Quantifizierung der Hypopigmentation Aktivität In Vitro
Summary
Wir beschreiben drei experimentelle Methoden zur Bewertung der Hypopigmentation Aktivität von Chemikalien, die in-vitro-: Quantifizierung der 1) zellulären Tyrosinase-Aktivität und Melanin (2) Inhalt und (3) Messung von Melanin durch zelluläre Melanin Färbung und Bildanalyse.
Abstract
Diese Studie stellt Labormethoden für die Quantifizierung von Hypopigmentierung Aktivität in vitro. Melanin, das große Pigment in Melanozyten, wird als Reaktion auf mehrere zelluläre und umweltbedingten Faktoren synthetisiert.
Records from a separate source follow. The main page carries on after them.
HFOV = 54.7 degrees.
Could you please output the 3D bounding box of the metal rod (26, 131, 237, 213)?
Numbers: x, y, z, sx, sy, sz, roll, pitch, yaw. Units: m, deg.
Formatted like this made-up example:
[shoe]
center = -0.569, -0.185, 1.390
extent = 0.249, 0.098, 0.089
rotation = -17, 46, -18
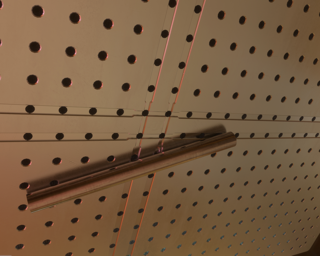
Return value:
[metal rod]
center = -0.024, 0.055, 0.433
extent = 0.302, 0.025, 0.025
rotation = -15, 125, -20
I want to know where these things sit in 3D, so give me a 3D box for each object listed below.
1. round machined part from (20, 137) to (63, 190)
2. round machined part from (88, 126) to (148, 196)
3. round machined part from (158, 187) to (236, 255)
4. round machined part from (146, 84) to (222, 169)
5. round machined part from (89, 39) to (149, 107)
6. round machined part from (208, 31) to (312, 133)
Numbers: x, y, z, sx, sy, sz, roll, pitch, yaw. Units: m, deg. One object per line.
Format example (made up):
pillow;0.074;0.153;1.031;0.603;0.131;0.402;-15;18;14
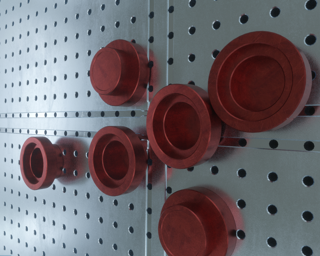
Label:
round machined part;-0.219;0.065;0.581;0.098;0.042;0.097;0;90;40
round machined part;-0.056;0.046;0.446;0.098;0.042;0.097;0;90;40
round machined part;0.036;0.122;0.369;0.098;0.042;0.097;0;90;40
round machined part;0.032;-0.003;0.368;0.098;0.042;0.097;6;98;44
round machined part;-0.066;-0.081;0.454;0.098;0.042;0.097;0;90;40
round machined part;0.102;-0.044;0.315;0.098;0.042;0.097;0;90;39
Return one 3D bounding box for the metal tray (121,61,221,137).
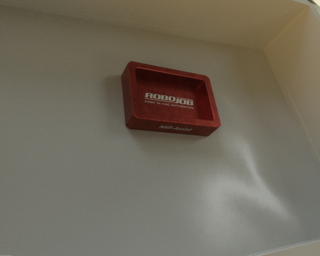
[{"bbox_3d":[0.015,-0.039,0.433,0.131,0.030,0.090,6,59,-25],"label":"metal tray"}]
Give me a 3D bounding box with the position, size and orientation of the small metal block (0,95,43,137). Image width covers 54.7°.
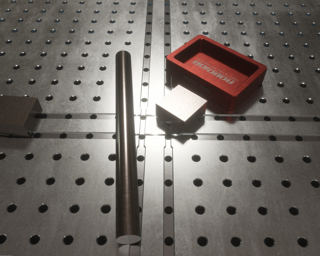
[{"bbox_3d":[-0.195,-0.016,0.419,0.050,0.025,0.050,4,50,3],"label":"small metal block"}]

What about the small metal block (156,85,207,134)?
[{"bbox_3d":[0.029,-0.027,0.431,0.050,0.025,0.050,34,57,25],"label":"small metal block"}]

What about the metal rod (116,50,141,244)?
[{"bbox_3d":[-0.046,-0.002,0.408,0.025,0.025,0.300,-4,50,-4],"label":"metal rod"}]

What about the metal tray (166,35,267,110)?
[{"bbox_3d":[0.085,-0.091,0.481,0.130,0.030,0.090,35,58,25],"label":"metal tray"}]
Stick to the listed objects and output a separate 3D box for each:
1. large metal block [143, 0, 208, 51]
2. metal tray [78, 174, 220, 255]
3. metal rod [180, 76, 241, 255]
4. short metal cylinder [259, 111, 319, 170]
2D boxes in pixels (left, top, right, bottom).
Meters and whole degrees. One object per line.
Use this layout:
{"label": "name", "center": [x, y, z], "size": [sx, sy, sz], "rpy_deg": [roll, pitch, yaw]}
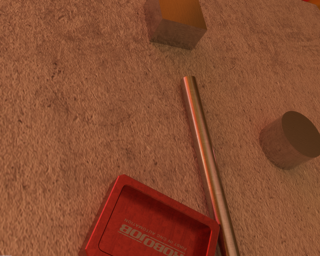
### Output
{"label": "large metal block", "center": [0.023, -0.183, 0.514], "size": [0.081, 0.050, 0.080], "rpy_deg": [5, 60, -26]}
{"label": "metal tray", "center": [-0.006, 0.118, 0.326], "size": [0.131, 0.030, 0.090], "rpy_deg": [29, 52, -10]}
{"label": "metal rod", "center": [0.066, 0.059, 0.404], "size": [0.025, 0.025, 0.299], "rpy_deg": [5, 60, -26]}
{"label": "short metal cylinder", "center": [0.206, 0.020, 0.490], "size": [0.081, 0.050, 0.080], "rpy_deg": [14, 56, -21]}
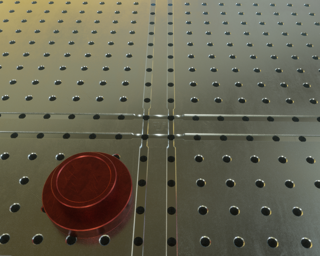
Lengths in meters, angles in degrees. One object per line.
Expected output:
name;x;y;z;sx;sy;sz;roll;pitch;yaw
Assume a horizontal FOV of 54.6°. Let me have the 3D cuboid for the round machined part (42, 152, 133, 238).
round machined part;-0.080;0.065;0.342;0.099;0.042;0.098;0;50;0
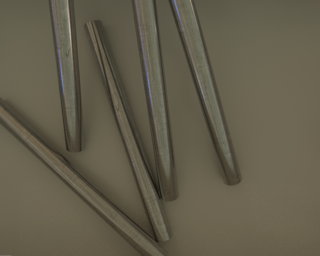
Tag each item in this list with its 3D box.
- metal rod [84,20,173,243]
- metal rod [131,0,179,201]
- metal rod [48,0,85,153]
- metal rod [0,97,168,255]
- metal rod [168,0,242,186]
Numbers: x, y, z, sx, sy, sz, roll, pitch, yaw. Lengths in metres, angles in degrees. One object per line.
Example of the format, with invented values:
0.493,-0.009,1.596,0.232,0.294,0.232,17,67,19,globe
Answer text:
-0.042,0.004,0.410,0.025,0.025,0.299,-18,90,0,metal rod
-0.005,-0.045,0.353,0.025,0.025,0.298,-8,114,0,metal rod
-0.104,-0.103,0.337,0.025,0.025,0.298,4,120,0,metal rod
-0.109,0.069,0.403,0.300,0.025,0.025,42,90,3,metal rod
0.049,-0.058,0.352,0.025,0.025,0.299,-21,115,0,metal rod
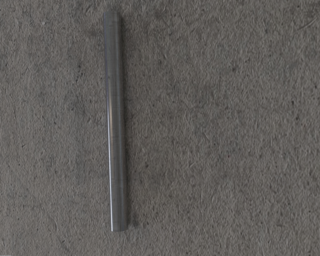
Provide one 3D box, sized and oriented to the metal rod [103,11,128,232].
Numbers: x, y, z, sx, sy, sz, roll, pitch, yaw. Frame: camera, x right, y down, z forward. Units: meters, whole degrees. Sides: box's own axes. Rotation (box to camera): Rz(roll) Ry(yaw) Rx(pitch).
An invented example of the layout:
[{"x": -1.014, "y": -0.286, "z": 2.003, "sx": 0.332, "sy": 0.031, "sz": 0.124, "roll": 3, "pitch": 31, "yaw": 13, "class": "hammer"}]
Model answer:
[{"x": -0.062, "y": -0.010, "z": 0.431, "sx": 0.025, "sy": 0.025, "sz": 0.298, "roll": -2, "pitch": 89, "yaw": 20, "class": "metal rod"}]
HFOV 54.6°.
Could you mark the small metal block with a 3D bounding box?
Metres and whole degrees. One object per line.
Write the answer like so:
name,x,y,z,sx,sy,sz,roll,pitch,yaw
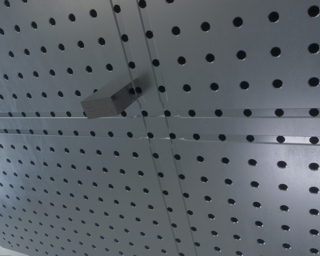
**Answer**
small metal block,-0.066,-0.036,0.408,0.050,0.050,0.025,-6,116,31
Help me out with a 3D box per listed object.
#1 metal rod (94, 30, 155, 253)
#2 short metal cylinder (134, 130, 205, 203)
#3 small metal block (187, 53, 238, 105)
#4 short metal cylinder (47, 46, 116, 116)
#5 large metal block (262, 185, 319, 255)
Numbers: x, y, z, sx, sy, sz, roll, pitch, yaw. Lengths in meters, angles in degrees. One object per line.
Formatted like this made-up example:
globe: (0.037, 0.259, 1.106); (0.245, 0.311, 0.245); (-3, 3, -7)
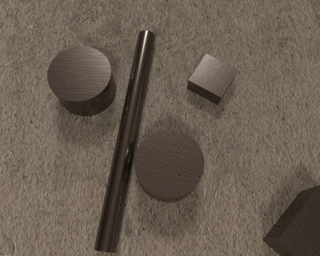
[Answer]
metal rod: (-0.041, 0.003, 0.406); (0.025, 0.025, 0.299); (8, 70, 2)
short metal cylinder: (0.011, 0.048, 0.378); (0.081, 0.050, 0.080); (0, 70, 0)
small metal block: (0.073, -0.068, 0.434); (0.050, 0.025, 0.050); (30, 72, 10)
short metal cylinder: (-0.102, -0.062, 0.416); (0.081, 0.050, 0.080); (0, 70, 0)
large metal block: (0.181, 0.125, 0.351); (0.080, 0.050, 0.080); (42, 75, 13)
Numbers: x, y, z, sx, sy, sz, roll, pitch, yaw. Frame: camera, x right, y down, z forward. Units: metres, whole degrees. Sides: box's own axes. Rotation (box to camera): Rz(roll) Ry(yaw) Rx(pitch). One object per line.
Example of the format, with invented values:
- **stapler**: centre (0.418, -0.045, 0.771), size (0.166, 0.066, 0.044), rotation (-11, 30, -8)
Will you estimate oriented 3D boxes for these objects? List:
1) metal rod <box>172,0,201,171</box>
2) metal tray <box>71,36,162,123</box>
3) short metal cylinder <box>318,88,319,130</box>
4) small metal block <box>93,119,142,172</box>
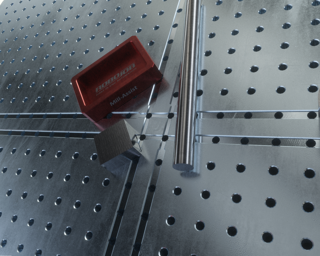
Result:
- **metal rod**: centre (0.041, -0.084, 0.436), size (0.025, 0.025, 0.299), rotation (-8, 58, 24)
- **metal tray**: centre (-0.072, -0.079, 0.488), size (0.130, 0.030, 0.090), rotation (-33, 52, 6)
- **short metal cylinder**: centre (0.198, -0.018, 0.299), size (0.080, 0.050, 0.080), rotation (-13, 56, 20)
- **small metal block**: centre (-0.058, 0.024, 0.423), size (0.050, 0.025, 0.050), rotation (-30, 52, 9)
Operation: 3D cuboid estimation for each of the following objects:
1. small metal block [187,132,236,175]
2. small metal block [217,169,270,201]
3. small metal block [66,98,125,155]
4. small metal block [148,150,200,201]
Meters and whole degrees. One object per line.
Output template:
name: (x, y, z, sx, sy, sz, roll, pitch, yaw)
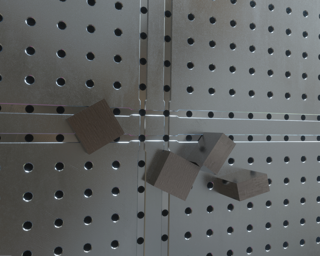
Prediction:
small metal block: (0.069, 0.034, 0.426, 0.025, 0.050, 0.050, 39, 77, -17)
small metal block: (0.119, 0.081, 0.445, 0.050, 0.050, 0.025, -13, 95, -20)
small metal block: (-0.080, -0.002, 0.384, 0.050, 0.025, 0.050, -32, 101, -18)
small metal block: (0.020, 0.064, 0.421, 0.050, 0.025, 0.050, 29, 81, -18)
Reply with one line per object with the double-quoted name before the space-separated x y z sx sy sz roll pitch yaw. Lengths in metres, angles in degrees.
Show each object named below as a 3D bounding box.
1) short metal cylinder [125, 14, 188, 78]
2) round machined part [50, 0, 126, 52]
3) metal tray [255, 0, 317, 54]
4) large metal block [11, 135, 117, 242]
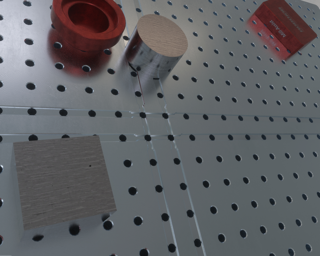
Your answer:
"short metal cylinder" -0.006 -0.122 0.463 0.081 0.050 0.080 14 56 -21
"round machined part" -0.101 -0.146 0.432 0.099 0.042 0.098 14 56 -21
"metal tray" 0.287 -0.236 0.703 0.091 0.030 0.130 -33 80 -38
"large metal block" -0.097 0.057 0.305 0.081 0.050 0.080 -4 64 -30
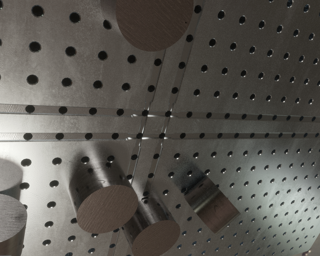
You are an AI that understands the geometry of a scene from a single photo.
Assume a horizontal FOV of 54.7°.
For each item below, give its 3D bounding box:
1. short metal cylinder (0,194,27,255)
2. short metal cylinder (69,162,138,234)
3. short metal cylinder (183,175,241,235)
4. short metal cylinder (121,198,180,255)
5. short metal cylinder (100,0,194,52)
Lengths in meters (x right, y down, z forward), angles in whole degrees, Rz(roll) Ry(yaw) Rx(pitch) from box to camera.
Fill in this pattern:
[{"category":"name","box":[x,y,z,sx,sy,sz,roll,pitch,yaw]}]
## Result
[{"category":"short metal cylinder","box":[-0.194,0.118,0.343,0.081,0.080,0.050,3,117,-30]},{"category":"short metal cylinder","box":[-0.076,0.092,0.412,0.081,0.050,0.079,-14,125,-21]},{"category":"short metal cylinder","box":[0.083,0.123,0.500,0.050,0.080,0.080,-41,130,0]},{"category":"short metal cylinder","box":[-0.015,0.158,0.486,0.081,0.050,0.079,-14,125,-21]},{"category":"short metal cylinder","box":[-0.014,-0.124,0.312,0.081,0.050,0.079,-14,125,-21]}]
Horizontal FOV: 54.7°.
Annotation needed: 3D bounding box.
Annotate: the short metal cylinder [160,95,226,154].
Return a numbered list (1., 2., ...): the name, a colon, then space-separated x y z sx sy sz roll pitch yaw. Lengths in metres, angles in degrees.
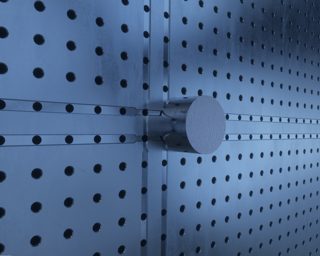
1. short metal cylinder: 0.047 -0.004 0.435 0.081 0.050 0.079 0 90 -40
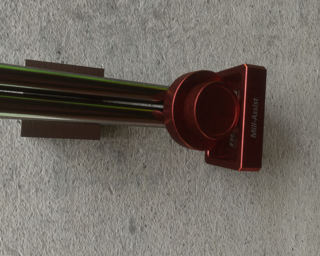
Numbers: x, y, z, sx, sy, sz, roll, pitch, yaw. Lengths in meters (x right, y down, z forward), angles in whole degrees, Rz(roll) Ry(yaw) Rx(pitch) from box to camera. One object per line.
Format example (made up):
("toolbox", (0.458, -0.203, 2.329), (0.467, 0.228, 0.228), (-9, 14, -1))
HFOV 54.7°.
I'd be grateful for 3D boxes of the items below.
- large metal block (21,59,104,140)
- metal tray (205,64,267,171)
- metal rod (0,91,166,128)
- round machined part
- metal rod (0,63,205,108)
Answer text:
("large metal block", (-0.110, -0.029, 0.353), (0.081, 0.050, 0.079), (4, 89, -20))
("metal tray", (0.097, -0.012, 0.412), (0.030, 0.090, 0.129), (4, 89, -20))
("metal rod", (-0.042, -0.015, 0.348), (0.302, 0.025, 0.025), (3, 89, -33))
("round machined part", (0.056, -0.021, 0.371), (0.099, 0.042, 0.097), (-2, 93, -31))
("metal rod", (-0.040, -0.042, 0.348), (0.302, 0.025, 0.025), (3, 89, -33))
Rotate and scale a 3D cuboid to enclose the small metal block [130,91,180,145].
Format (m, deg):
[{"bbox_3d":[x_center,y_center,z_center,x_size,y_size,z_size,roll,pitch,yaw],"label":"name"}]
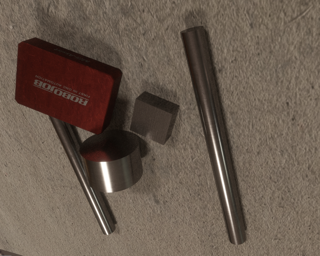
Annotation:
[{"bbox_3d":[-0.008,-0.013,0.402,0.050,0.025,0.050,24,127,13],"label":"small metal block"}]

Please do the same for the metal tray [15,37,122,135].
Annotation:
[{"bbox_3d":[-0.124,-0.055,0.414,0.131,0.030,0.089,21,120,4],"label":"metal tray"}]

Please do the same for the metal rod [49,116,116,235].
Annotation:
[{"bbox_3d":[-0.134,0.056,0.509,0.025,0.025,0.298,-3,117,29],"label":"metal rod"}]

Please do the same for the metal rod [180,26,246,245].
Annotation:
[{"bbox_3d":[0.072,0.027,0.384,0.025,0.025,0.298,-2,118,29],"label":"metal rod"}]

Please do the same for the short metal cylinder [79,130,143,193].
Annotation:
[{"bbox_3d":[-0.066,0.044,0.432,0.080,0.080,0.050,9,122,23],"label":"short metal cylinder"}]
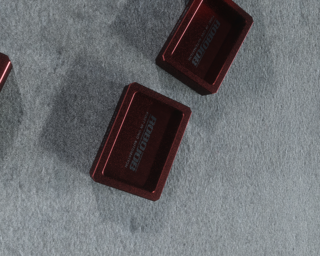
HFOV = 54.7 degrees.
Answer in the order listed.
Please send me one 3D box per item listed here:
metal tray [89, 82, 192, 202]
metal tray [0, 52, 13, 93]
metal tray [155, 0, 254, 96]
[{"bbox_3d":[-0.024,0.018,0.398,0.091,0.030,0.130,24,82,-19],"label":"metal tray"},{"bbox_3d":[-0.226,-0.034,0.322,0.090,0.030,0.130,24,82,-19],"label":"metal tray"},{"bbox_3d":[0.063,-0.122,0.430,0.090,0.030,0.130,32,79,-18],"label":"metal tray"}]
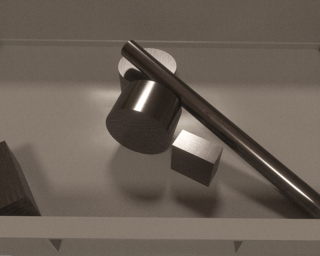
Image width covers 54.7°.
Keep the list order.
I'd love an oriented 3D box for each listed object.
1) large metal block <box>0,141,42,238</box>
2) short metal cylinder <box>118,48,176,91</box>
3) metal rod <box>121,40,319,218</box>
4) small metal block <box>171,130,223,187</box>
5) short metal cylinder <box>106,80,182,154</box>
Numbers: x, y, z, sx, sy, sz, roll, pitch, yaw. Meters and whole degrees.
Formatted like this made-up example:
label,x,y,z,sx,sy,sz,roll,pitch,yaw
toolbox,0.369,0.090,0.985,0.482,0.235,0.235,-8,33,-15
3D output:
label,x,y,z,sx,sy,sz,roll,pitch,yaw
large metal block,-0.184,0.072,0.326,0.081,0.050,0.080,-26,55,-21
short metal cylinder,-0.018,-0.071,0.448,0.081,0.050,0.080,0,50,0
metal rod,0.065,-0.009,0.373,0.300,0.025,0.025,42,61,15
small metal block,0.041,0.036,0.359,0.050,0.050,0.025,24,54,18
short metal cylinder,-0.019,-0.012,0.379,0.080,0.080,0.050,14,52,11
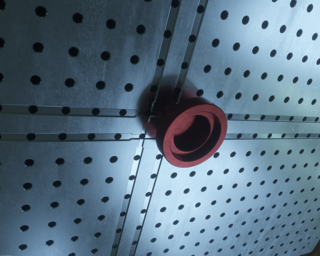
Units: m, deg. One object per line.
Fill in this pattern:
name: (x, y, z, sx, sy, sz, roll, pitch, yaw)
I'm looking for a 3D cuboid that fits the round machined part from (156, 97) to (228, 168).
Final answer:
round machined part: (0.039, 0.002, 0.422, 0.099, 0.042, 0.097, -14, 124, -21)
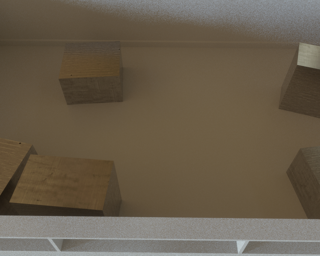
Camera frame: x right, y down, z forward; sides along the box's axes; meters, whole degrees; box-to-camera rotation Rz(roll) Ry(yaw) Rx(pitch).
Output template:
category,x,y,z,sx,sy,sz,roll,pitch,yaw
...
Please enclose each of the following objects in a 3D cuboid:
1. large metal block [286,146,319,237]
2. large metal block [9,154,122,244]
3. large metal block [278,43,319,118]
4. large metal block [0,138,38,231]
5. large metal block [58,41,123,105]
category,x,y,z,sx,sy,sz,roll,pitch,yaw
large metal block,0.199,0.064,0.336,0.081,0.050,0.080,-6,50,-5
large metal block,-0.086,0.072,0.308,0.080,0.080,0.050,4,50,3
large metal block,0.217,-0.061,0.422,0.080,0.080,0.050,15,52,12
large metal block,-0.189,0.057,0.340,0.080,0.050,0.080,10,51,8
large metal block,-0.097,-0.082,0.457,0.081,0.050,0.080,-3,50,-3
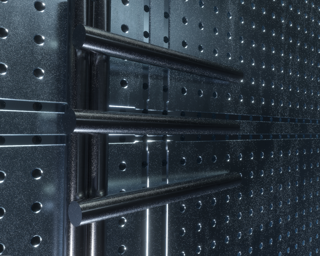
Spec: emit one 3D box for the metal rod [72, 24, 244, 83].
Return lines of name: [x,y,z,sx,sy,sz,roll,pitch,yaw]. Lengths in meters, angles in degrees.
metal rod: [0.025,-0.089,0.413,0.302,0.025,0.025,1,90,-46]

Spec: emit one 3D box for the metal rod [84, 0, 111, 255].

Melanin schützt die Hautzellen vor UV-Schäden, aber auch biophysikalische und biochemische Funktionen hat. Übermäßige Produktion oder Ansammlung von Melanin in den Melanozyten kann dazu führen, dass dermatologische Problemen, wie z. B. Muttermale, Sommersprossen, Pigmentflecken und Melasma. Daher ist die Kontrolle der Melanogenese mit Hypopigmentierung Agenten wichtig bei Patienten mit klinischen oder kosmetische Bedürfnisse. Melanin wird in erster Linie in den Melanosomen Melanozyten in einen komplexen biochemischen Prozess namens Melanogenese, welche von der Erwartungshaltung extrinsischen und intrinsischen Faktoren wie Hormone, Entzündungen, Alter und UV-Licht Exposition synthetisiert. Wir beschreiben drei Methoden zur Bestimmung der Hypopigmentation Aktivität von chemischen oder natürlichen Substanzen in Melanozyten: Messung von (1) zellulären Tyrosinase-Aktivität und Melanin (2) Inhalt und (3) Färbung und Quantifizierung zellulären Melanin mit Bild Analyse.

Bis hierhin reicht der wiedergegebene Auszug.